The housing package, by contrast, has wide cross-bench appeal. Build Canada Homes has already approved more than 10,000 units across the country since September, and another tranche of approvals tied to Ottawa, announced by Carney on April 23 in his own riding of Nepean, has put the federal-municipal model into the policy mainstream.
Provincial responses
Quebec Premier Christine Fréchette, whose CAQ government took office on April 12 after she won her party's leadership race, congratulated Carney but flagged areas of disagreement on immigration thresholds and language file enforcement. Fréchette is preparing for a Quebec general election later this year and is expected to use the federal majority as a foil to define her own platform.
Ontario Premier Doug Ford was warmer in his response, citing the housing-tax partnership his government signed with Ottawa on March 30 as evidence that the two governments can work together when their political incentives align. Alberta Premier Danielle Smith, who has been navigating a separation petition and a court challenge over Indigenous treaty consultation, was more cautious. Her statement focused on the need for the federal government to respect provincial jurisdiction on energy and resource projects.

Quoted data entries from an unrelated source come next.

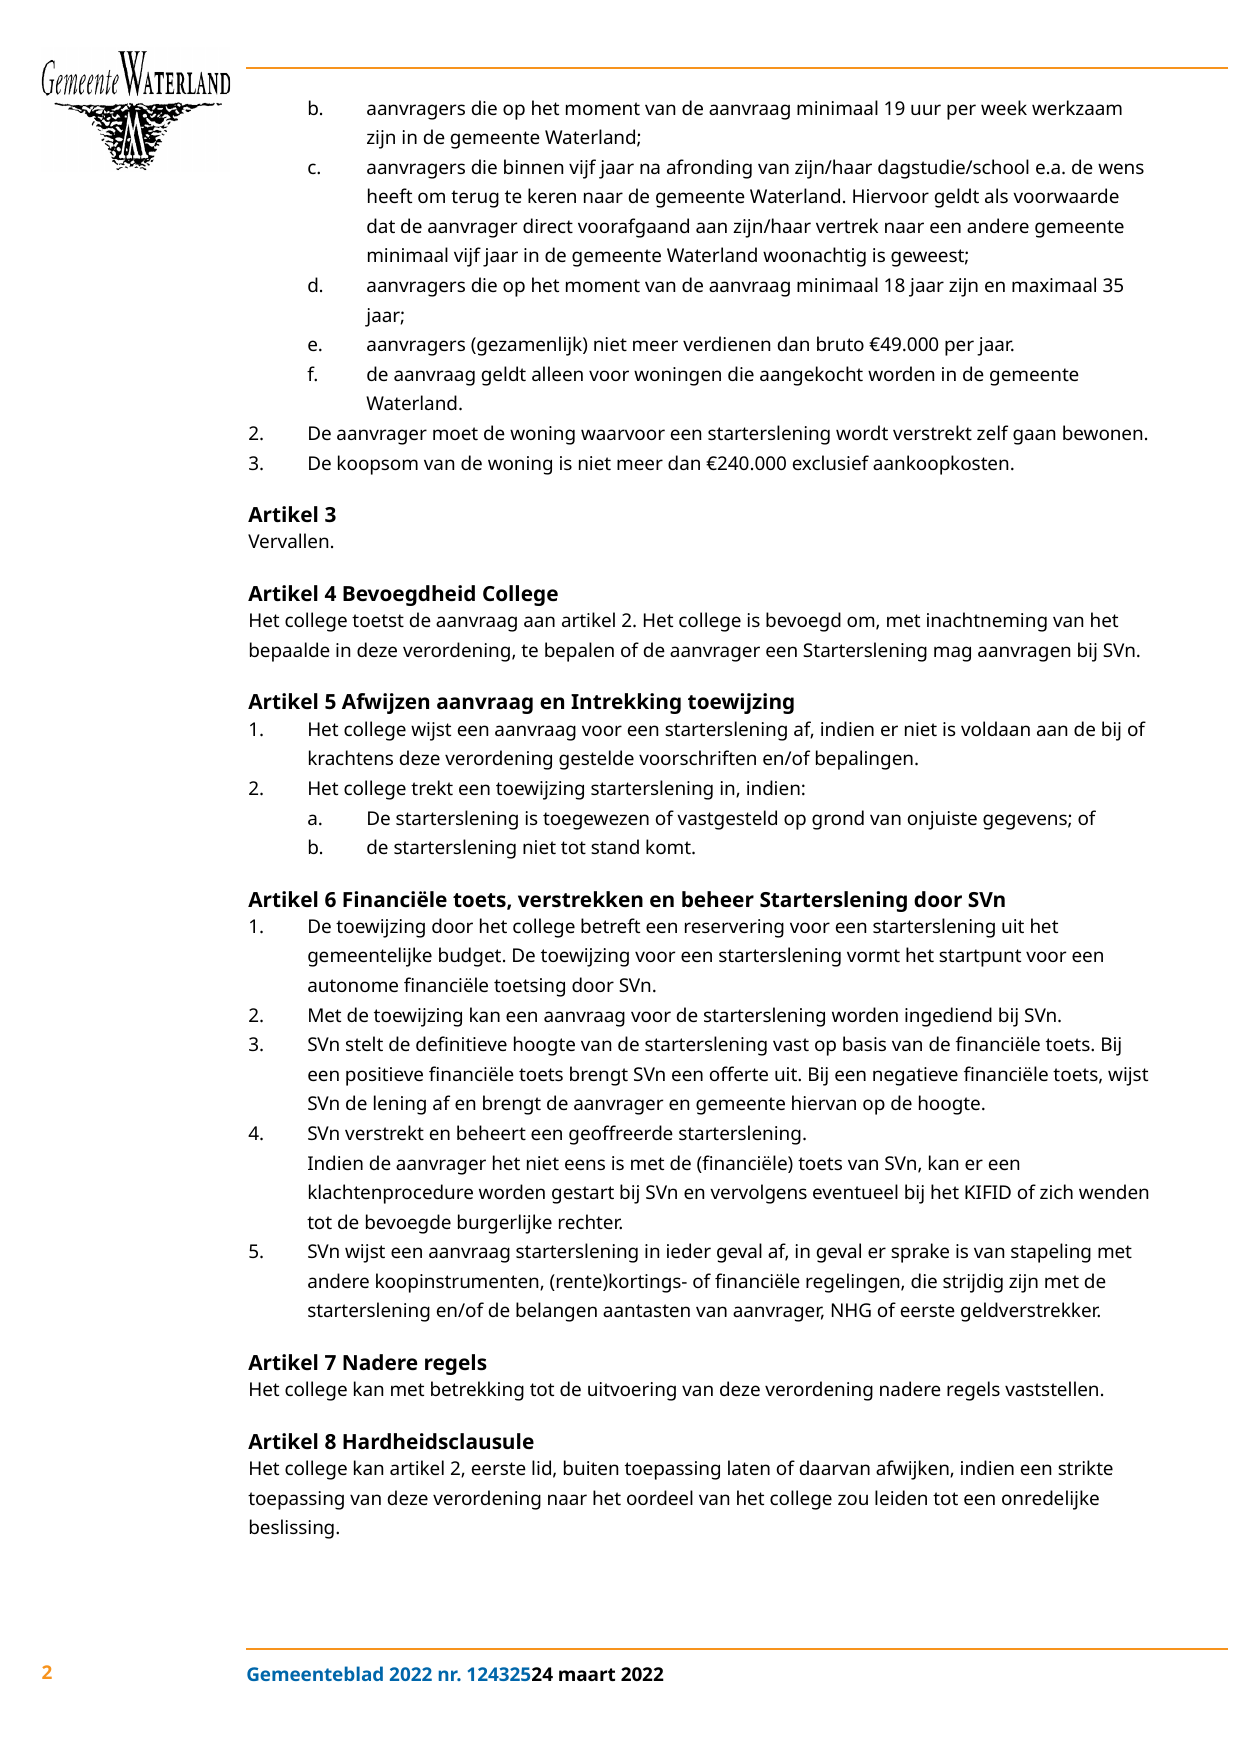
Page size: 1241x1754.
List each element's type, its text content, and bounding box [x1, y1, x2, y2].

list SVn verstrekt en beheert een geoffreerde starterslening. [248, 1120, 1152, 1146]
list SVn stelt de definitieve hoogte van de starterslening vast op basis van de financiële toets. Bij een positieve financiële toets brengt SVn een offerte uit. Bij een negatieve financiële toets, wijst SVn de lening af en brengt de aanvrager en gemeente hiervan op de hoogte. [248, 1031, 1152, 1116]
list aanvragers die op het moment van de aanvraag minimaal 19 uur per week werkzaam zijn in de gemeente Waterland; [307, 95, 1152, 150]
picture [41, 47, 231, 172]
text Het college toetst de aanvraag aan artikel 2. Het college is bevoegd om, met inachtneming van het bepaalde in deze verordening, te bepalen of de aanvrager een Starterslening mag aanvragen bij SVn. [248, 607, 1152, 663]
text Het college kan met betrekking tot de uitvoering van deze verordening nadere regels vaststellen. [248, 1377, 1152, 1402]
list SVn wijst een aanvraag starterslening in ieder geval af, in geval er sprake is van stapeling met andere koopinstrumenten, (rente)kortings- of financiële regelingen, die strijdig zijn met de starterslening en/of de belangen aantasten van aanvrager, NHG of eerste geldverstrekker. [248, 1238, 1152, 1323]
list aanvragers die op het moment van de aanvraag minimaal 18 jaar zijn en maximaal 35 jaar; [307, 272, 1152, 328]
list De koopsom van de woning is niet meer dan €240.000 exclusief aankoopkosten. [248, 450, 1152, 476]
list De aanvrager moet de woning waarvoor een starterslening wordt verstrekt zelf gaan bewonen. [248, 420, 1152, 446]
list De toewijzing door het college betreft een reservering voor een starterslening uit het gemeentelijke budget. De toewijzing voor een starterslening vormt het startpunt voor een autonome financiële toetsing door SVn. [248, 913, 1152, 998]
text Het college kan artikel 2, eerste lid, buiten toepassing laten of daarvan afwijken, indien een strikte toepassing van deze verordening naar het oordeel van het college zou leiden tot een onredelijke beslissing. [248, 1455, 1152, 1540]
list Met de toewijzing kan een aanvraag voor de starterslening worden ingediend bij SVn. [248, 1002, 1152, 1028]
list De starterslening is toegewezen of vastgesteld op grond van onjuiste gegevens; of [307, 805, 1152, 830]
list Indien de aanvrager het niet eens is met de (financiële) toets van SVn, kan er een klachtenprocedure worden gestart bij SVn en vervolgens eventueel bij het KIFID of zich wenden tot de bevoegde burgerlijke rechter. [248, 1150, 1152, 1235]
text Artikel 4 Bevoegdheid College [248, 579, 1152, 607]
text Artikel 7 Nadere regels [248, 1348, 1152, 1377]
text Artikel 6 Financiële toets, verstrekken en beheer Starterslening door SVn [248, 885, 1152, 913]
list Het college trekt een toewijzing starterslening in, indien: [248, 775, 1152, 801]
text Artikel 3 [248, 500, 1152, 529]
text Artikel 8 Hardheidsclausule [248, 1427, 1152, 1455]
list Het college wijst een aanvraag voor een starterslening af, indien er niet is voldaan aan de bij of krachtens deze verordening gestelde voorschriften en/of bepalingen. [248, 716, 1152, 771]
text Vervallen. [248, 529, 1152, 554]
text Artikel 5 Afwijzen aanvraag en Intrekking toewijzing [248, 687, 1152, 716]
list de starterslening niet tot stand komt. [307, 834, 1152, 860]
list aanvragers die binnen vijf jaar na afronding van zijn/haar dagstudie/school e.a. de wens heeft om terug te keren naar de gemeente Waterland. Hiervoor geldt als voorwaarde dat de aanvrager direct voorafgaand aan zijn/haar vertrek naar een andere gemeente minimaal vijf jaar in de gemeente Waterland woonachtig is geweest; [307, 154, 1152, 268]
list aanvragers (gezamenlijk) niet meer verdienen dan bruto €49.000 per jaar. [307, 331, 1152, 357]
list de aanvraag geldt alleen voor woningen die aangekocht worden in de gemeente Waterland. [307, 361, 1152, 416]

What it means for the trade file
Carney's strongest argument for needing a majority has always been the Canada-U.S. trade relationship. The CUSMA review formally begins this year, and the prime minister told Fortune in an interview earlier this month that strong U.S. economic ties have become "a weakness that must be fixed." His government has launched a 24-member advisory committee on Canada-U.S. economic relations chaired by Dominic LeBlanc, which is set to hold its first meeting on April 27.
A majority government gives the prime minister room to make politically difficult trade-offs in those negotiations without worrying that any single concession will trigger a confidence vote. It also means Canada can move on its own counter-tariff and procurement decisions without the kind of prolonged debate that has slowed previous trade-policy responses.
What's next
The Bank of Canada releases its next interest-rate decision on April 29, and the federal government is expected to use the days immediately afterward to lay out a fuller economic message. A spring fiscal update has not been formally scheduled, but officials say one is possible before the summer recess if the trade outlook deteriorates.
Beyond economic policy, Carney's office has signalled that defence spending and a long-promised national infrastructure pipeline will be the next files to receive sustained attention. Canada hit the NATO 2 per cent of GDP defence target during the 2025-26 fiscal year, and the prime minister has committed to reaching the alliance's new 5 per cent pledge by 2035, a path that will require sustained budget choices well beyond the current Parliament.
For now, the most immediate change is procedural. The legislative pipeline that had been clogged by minority arithmetic is starting to clear, and the Liberals have until the summer recess to demonstrate that majority governance produces visible policy results.